What to work on: Produce an exact copy of the first line of the data below and each line after it, please, up to and including the one with "table_cell OUTRAS VENDAS".

Input:
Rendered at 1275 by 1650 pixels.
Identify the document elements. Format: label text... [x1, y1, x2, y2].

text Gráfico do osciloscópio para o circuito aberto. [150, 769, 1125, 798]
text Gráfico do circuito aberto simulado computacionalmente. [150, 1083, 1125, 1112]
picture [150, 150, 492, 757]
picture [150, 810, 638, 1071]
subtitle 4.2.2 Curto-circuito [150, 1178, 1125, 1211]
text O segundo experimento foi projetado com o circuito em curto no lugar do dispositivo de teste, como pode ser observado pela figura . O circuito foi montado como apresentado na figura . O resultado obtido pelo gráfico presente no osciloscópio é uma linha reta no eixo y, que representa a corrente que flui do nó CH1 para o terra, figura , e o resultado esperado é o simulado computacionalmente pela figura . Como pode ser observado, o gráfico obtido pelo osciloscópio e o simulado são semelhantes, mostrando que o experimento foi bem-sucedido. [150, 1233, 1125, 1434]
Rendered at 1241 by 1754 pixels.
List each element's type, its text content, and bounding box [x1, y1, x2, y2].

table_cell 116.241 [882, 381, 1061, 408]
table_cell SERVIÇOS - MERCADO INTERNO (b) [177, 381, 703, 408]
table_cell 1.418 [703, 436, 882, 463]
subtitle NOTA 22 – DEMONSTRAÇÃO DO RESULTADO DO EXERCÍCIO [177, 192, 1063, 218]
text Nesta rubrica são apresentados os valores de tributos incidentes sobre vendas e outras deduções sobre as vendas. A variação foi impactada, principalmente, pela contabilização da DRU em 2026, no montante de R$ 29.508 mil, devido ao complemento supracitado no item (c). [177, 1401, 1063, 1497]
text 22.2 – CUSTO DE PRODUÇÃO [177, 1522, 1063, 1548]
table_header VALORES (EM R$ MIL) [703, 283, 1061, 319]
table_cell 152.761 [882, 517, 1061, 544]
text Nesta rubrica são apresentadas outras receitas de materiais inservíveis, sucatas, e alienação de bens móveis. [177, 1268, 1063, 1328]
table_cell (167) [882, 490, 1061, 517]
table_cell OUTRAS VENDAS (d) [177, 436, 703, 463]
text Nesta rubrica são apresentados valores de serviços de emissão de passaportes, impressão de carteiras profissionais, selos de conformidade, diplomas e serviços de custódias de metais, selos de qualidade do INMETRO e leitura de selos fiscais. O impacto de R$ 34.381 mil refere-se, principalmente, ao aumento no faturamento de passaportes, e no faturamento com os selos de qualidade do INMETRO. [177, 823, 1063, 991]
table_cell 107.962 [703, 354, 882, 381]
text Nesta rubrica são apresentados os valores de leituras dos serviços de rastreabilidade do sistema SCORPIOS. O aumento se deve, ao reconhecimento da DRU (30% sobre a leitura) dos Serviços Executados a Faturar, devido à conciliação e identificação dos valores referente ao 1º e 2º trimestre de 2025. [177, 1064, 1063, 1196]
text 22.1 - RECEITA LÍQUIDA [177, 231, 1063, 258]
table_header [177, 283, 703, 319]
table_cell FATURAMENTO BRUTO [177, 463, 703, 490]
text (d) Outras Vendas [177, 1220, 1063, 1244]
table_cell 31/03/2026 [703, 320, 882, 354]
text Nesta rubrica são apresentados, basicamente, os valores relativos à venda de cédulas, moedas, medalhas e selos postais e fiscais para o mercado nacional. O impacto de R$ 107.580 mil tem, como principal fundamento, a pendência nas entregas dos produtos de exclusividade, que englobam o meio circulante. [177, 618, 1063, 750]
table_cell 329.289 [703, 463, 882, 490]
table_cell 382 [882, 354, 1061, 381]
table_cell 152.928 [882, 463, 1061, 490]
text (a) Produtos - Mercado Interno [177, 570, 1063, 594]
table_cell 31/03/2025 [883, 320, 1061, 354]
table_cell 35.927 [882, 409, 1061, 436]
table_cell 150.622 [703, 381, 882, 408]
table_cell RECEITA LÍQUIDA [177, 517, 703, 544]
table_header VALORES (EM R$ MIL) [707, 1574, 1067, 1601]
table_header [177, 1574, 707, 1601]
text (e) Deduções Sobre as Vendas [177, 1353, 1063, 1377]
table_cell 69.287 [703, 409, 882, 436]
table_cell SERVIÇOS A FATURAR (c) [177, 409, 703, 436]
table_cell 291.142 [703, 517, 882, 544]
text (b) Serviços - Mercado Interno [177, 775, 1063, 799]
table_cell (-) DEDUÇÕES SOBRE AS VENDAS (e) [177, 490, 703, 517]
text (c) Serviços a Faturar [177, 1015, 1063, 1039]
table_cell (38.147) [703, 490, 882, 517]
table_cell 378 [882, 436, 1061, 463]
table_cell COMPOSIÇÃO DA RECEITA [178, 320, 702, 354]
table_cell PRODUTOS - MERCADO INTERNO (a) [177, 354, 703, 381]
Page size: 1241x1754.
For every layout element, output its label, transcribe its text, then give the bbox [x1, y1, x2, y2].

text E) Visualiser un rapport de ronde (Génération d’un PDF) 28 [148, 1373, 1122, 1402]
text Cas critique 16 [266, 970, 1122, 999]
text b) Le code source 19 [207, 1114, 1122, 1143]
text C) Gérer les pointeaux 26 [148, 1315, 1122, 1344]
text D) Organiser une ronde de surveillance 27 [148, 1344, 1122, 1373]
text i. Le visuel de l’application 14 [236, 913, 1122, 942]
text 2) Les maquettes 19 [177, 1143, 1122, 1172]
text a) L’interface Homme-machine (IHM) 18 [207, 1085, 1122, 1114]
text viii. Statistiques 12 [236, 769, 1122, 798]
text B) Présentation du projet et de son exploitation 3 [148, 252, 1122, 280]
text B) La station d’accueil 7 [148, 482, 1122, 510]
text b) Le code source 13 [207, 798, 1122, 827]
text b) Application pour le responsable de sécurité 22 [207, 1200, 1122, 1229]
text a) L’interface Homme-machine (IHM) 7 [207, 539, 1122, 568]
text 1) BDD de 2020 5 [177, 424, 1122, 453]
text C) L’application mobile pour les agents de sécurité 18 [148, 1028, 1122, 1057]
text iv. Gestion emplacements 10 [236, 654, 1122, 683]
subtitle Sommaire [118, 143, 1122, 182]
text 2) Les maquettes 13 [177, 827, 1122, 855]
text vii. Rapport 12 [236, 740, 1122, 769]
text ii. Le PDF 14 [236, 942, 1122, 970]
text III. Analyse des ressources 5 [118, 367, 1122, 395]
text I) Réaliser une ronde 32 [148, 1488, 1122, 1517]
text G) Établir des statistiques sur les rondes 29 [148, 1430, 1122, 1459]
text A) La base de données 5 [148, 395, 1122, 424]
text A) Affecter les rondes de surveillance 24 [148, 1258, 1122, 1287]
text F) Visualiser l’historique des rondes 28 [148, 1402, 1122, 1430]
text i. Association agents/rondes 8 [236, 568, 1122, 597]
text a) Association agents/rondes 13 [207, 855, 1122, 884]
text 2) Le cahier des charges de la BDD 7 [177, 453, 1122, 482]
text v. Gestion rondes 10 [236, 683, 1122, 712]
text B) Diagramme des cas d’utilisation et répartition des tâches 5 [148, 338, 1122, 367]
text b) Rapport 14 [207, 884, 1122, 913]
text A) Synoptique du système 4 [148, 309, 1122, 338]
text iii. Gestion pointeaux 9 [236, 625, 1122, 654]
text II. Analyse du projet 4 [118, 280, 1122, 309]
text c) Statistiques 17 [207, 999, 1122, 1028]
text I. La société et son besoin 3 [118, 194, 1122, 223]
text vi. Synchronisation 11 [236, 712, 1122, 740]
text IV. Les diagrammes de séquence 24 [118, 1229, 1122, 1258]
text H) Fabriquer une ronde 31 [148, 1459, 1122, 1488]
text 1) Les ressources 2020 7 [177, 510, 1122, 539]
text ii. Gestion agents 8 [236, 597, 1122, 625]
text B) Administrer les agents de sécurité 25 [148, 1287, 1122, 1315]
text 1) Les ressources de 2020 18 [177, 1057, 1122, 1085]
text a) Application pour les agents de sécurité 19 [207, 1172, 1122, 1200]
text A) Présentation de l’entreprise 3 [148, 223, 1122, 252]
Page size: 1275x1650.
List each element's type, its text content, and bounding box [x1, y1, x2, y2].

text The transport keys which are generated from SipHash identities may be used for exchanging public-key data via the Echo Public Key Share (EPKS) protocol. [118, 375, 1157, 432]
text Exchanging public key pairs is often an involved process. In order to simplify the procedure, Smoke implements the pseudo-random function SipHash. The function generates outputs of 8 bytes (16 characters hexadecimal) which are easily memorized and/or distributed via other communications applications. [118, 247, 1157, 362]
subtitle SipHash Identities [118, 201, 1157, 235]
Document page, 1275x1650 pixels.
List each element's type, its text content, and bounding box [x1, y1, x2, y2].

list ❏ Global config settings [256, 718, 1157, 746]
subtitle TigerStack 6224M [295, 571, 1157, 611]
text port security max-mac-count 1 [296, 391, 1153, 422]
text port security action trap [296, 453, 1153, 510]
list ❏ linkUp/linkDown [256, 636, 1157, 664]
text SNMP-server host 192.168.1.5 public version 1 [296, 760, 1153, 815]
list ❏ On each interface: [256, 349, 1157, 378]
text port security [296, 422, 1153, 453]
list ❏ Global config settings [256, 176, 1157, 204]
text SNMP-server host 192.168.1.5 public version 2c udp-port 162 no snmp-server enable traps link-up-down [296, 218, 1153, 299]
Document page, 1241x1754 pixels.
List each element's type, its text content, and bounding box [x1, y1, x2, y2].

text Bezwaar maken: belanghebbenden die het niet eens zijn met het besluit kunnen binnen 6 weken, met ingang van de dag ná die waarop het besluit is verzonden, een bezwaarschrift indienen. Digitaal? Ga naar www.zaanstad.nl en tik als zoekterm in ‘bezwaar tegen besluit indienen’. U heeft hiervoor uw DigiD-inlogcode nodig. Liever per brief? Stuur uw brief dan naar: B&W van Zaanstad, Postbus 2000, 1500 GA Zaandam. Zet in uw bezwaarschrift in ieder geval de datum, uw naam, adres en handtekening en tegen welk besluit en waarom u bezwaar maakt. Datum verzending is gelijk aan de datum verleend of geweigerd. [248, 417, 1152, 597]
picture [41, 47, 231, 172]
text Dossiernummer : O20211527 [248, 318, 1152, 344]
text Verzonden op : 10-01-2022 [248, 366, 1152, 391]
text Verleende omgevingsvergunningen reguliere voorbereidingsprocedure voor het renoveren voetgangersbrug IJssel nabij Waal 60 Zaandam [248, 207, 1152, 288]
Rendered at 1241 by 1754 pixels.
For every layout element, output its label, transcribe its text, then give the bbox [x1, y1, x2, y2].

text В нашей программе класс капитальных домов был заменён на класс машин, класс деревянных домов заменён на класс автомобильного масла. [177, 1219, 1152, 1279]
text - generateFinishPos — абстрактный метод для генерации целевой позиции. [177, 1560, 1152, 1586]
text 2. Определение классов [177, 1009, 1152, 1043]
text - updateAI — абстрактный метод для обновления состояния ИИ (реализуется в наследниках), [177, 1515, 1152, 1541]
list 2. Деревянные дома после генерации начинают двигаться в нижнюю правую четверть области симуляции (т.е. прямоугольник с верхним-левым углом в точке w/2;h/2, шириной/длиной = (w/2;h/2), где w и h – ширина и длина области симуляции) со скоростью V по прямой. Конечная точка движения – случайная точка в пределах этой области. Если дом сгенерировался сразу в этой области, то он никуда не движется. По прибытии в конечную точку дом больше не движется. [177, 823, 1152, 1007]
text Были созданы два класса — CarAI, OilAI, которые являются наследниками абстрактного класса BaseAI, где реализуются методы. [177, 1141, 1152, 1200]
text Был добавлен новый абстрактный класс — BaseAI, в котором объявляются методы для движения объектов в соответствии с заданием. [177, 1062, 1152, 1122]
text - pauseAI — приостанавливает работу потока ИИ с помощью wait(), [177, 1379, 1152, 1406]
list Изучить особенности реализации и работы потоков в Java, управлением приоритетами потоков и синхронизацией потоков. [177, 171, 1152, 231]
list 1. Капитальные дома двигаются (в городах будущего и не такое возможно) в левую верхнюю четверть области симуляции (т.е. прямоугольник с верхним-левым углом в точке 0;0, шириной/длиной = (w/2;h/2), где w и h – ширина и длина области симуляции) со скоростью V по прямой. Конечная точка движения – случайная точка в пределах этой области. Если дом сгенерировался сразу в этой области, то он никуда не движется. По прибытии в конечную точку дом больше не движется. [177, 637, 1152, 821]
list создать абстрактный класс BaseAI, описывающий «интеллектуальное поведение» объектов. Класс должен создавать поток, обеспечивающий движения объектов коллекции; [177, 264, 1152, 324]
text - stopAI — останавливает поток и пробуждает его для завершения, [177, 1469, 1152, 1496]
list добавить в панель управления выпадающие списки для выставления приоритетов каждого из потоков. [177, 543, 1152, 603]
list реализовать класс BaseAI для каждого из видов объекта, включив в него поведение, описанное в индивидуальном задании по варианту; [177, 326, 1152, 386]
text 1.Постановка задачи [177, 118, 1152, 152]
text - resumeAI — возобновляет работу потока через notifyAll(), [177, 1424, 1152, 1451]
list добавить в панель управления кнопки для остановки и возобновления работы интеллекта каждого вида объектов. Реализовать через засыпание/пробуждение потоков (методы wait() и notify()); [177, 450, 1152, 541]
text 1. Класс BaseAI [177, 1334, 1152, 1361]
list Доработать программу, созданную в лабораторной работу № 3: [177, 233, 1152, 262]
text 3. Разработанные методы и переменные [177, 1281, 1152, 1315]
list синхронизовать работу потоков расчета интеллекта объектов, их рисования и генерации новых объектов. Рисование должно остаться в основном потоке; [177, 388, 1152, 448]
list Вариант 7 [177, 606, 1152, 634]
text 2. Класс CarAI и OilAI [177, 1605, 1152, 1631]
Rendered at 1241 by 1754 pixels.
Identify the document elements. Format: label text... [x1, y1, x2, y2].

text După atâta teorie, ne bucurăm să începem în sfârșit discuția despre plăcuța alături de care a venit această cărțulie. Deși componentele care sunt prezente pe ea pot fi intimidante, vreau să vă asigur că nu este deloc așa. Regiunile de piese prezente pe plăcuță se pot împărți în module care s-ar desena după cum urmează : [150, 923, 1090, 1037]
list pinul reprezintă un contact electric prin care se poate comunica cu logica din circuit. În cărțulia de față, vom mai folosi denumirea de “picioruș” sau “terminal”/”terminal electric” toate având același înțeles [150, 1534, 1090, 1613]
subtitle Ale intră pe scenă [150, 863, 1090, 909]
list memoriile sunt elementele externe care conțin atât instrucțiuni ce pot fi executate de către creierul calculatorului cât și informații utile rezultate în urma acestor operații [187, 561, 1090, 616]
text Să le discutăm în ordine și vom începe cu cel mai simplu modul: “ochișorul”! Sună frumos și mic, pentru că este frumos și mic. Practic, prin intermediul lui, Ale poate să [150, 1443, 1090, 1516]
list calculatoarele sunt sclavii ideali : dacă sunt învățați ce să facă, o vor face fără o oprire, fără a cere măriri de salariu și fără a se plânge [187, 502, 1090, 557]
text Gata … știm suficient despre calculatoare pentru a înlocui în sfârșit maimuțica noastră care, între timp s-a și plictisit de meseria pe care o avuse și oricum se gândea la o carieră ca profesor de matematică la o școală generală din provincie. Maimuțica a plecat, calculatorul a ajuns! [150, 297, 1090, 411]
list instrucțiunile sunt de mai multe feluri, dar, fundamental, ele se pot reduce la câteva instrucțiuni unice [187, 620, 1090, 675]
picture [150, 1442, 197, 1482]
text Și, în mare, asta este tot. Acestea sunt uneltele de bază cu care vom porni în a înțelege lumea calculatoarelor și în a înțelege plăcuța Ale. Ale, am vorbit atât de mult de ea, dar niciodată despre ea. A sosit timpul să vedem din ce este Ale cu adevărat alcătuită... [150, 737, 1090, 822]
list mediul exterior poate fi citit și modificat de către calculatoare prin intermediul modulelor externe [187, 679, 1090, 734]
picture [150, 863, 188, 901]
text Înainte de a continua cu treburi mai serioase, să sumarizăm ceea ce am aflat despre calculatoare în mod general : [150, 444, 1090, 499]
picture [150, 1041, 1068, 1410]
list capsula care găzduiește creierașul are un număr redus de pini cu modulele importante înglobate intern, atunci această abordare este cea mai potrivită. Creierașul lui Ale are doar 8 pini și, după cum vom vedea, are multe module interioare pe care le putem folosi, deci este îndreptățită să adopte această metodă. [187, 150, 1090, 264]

Task solution:
Rendered at 1275 by 1650 pixels.
Identify the document elements. Format: label text... [x1, y1, x2, y2].

text Gráfico do osciloscópio para o circuito aberto. [150, 769, 1125, 798]
text Gráfico do circuito aberto simulado computacionalmente. [150, 1083, 1125, 1112]
picture [150, 150, 492, 757]
picture [150, 810, 638, 1071]
subtitle 4.2.2 Curto-circuito [150, 1178, 1125, 1211]
text O segundo experimento foi projetado com o circuito em curto no lugar do dispositivo de teste, como pode ser observado pela figura . O circuito foi montado como apresentado na figura . O resultado obtido pelo gráfico presente no osciloscópio é uma linha reta no eixo y, que representa a corrente que flui do nó CH1 para o terra, figura , e o resultado esperado é o simulado computacionalmente pela figura . Como pode ser observado, o gráfico obtido pelo osciloscópio e o simulado são semelhantes, mostrando que o experimento foi bem-sucedido. [150, 1233, 1125, 1434]
Rendered at 1241 by 1754 pixels.
List each element's type, its text content, and bounding box [x1, y1, x2, y2].

table_cell 116.241 [882, 381, 1061, 408]
table_cell SERVIÇOS - MERCADO INTERNO (b) [177, 381, 703, 408]
table_cell 1.418 [703, 436, 882, 463]
subtitle NOTA 22 – DEMONSTRAÇÃO DO RESULTADO DO EXERCÍCIO [177, 192, 1063, 218]
text Nesta rubrica são apresentados os valores de tributos incidentes sobre vendas e outras deduções sobre as vendas. A variação foi impactada, principalmente, pela contabilização da DRU em 2026, no montante de R$ 29.508 mil, devido ao complemento supracitado no item (c). [177, 1401, 1063, 1497]
text 22.2 – CUSTO DE PRODUÇÃO [177, 1522, 1063, 1548]
table_header VALORES (EM R$ MIL) [703, 283, 1061, 319]
table_cell 152.761 [882, 517, 1061, 544]
text Nesta rubrica são apresentadas outras receitas de materiais inservíveis, sucatas, e alienação de bens móveis. [177, 1268, 1063, 1328]
table_cell (167) [882, 490, 1061, 517]
table_cell OUTRAS VENDAS (d) [177, 436, 703, 463]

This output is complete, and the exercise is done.